GCA-ResUNet for Medical Image Segmentation
Published:Dec 30, 2025 05:13
•1 min read
•ArXiv
Analysis
This paper introduces GCA-ResUNet, a novel medical image segmentation framework. It addresses the limitations of existing U-Net and Transformer-based methods by incorporating a lightweight Grouped Coordinate Attention (GCA) module. The GCA module enhances global representation and spatial dependency capture while maintaining computational efficiency, making it suitable for resource-constrained clinical environments. The paper's significance lies in its potential to improve segmentation accuracy, especially for small structures with complex boundaries, while offering a practical solution for clinical deployment.
Key Takeaways
- •Proposes GCA-ResUNet, a new medical image segmentation framework.

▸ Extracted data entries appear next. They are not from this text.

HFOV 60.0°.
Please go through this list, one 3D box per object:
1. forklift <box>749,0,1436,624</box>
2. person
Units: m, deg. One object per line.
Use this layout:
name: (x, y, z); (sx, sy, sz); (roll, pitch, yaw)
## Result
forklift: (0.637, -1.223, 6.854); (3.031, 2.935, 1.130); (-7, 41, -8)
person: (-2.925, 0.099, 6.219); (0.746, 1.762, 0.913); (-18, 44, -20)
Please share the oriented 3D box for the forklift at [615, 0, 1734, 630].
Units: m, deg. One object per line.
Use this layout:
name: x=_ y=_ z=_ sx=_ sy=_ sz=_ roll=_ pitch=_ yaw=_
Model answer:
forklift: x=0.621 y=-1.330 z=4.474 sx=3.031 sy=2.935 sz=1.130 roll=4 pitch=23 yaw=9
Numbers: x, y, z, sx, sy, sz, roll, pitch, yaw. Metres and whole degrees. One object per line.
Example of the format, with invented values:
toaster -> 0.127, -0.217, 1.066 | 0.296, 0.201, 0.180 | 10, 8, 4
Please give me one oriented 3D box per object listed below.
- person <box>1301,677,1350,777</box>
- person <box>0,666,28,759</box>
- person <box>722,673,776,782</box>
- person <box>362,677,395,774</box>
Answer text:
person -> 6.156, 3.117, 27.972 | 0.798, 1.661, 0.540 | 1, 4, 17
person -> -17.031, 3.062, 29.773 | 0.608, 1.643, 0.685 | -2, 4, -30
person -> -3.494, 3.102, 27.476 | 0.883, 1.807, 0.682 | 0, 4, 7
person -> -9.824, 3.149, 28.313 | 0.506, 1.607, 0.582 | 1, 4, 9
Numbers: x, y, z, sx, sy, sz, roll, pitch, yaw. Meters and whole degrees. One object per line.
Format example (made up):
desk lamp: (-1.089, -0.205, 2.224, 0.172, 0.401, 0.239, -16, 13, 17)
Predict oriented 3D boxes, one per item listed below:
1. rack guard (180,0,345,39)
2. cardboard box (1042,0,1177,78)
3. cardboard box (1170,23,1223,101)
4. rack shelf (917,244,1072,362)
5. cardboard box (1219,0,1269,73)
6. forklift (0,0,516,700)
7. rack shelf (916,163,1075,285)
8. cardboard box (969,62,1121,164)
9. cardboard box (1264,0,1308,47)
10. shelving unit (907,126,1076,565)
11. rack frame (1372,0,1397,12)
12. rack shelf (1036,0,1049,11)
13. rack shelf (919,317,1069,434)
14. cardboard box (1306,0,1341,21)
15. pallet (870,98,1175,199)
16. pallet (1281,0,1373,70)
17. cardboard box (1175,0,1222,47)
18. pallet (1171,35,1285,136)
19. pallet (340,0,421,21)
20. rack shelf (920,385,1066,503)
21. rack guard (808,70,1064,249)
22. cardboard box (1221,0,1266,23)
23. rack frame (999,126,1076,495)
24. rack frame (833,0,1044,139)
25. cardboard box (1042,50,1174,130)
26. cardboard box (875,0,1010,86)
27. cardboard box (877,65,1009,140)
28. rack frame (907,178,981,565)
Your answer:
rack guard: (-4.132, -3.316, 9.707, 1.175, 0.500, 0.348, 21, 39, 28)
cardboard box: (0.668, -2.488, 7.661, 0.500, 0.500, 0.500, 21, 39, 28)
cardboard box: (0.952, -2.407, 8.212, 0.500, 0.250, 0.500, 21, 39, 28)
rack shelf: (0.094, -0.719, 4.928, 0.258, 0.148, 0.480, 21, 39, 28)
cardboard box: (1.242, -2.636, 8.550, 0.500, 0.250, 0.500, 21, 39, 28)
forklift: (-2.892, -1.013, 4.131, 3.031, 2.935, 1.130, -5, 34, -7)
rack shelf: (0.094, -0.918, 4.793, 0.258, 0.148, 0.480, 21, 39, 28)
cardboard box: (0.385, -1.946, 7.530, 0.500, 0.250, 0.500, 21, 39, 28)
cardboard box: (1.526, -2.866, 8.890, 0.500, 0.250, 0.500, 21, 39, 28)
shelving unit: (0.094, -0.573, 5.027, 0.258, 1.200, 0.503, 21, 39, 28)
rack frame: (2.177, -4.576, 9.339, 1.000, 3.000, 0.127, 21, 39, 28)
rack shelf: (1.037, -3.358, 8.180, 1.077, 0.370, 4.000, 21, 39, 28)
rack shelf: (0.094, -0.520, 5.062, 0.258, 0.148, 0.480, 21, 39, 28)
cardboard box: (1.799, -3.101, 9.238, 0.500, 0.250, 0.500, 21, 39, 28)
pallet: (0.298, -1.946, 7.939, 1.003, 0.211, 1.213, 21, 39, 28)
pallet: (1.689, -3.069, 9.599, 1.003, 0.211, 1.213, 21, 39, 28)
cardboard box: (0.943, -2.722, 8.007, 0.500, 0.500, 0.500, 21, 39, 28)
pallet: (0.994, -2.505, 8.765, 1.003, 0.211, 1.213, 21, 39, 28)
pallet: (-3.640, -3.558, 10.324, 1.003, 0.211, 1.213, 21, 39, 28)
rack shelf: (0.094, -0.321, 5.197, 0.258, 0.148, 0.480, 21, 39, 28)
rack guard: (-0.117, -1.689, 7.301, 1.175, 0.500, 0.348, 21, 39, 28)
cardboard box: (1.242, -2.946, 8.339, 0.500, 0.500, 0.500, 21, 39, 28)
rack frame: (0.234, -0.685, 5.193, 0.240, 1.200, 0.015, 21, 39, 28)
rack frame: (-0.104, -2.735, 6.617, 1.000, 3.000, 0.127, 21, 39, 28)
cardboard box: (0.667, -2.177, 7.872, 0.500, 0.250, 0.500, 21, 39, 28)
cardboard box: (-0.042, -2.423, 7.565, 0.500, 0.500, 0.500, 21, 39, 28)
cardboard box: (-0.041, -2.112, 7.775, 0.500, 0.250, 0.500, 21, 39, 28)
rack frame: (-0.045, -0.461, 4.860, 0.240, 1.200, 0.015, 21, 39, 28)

- •Employs a Grouped Coordinate Attention (GCA) module for improved performance.
- •Outperforms existing CNN and Transformer-based methods on benchmark datasets.
- •Offers a favorable trade-off between accuracy and computational efficiency.
- •Suitable for resource-constrained clinical environments.
Reference
“GCA-ResUNet achieves Dice scores of 86.11% and 92.64% on Synapse and ACDC benchmarks, respectively, outperforming a range of representative CNN and Transformer-based methods.”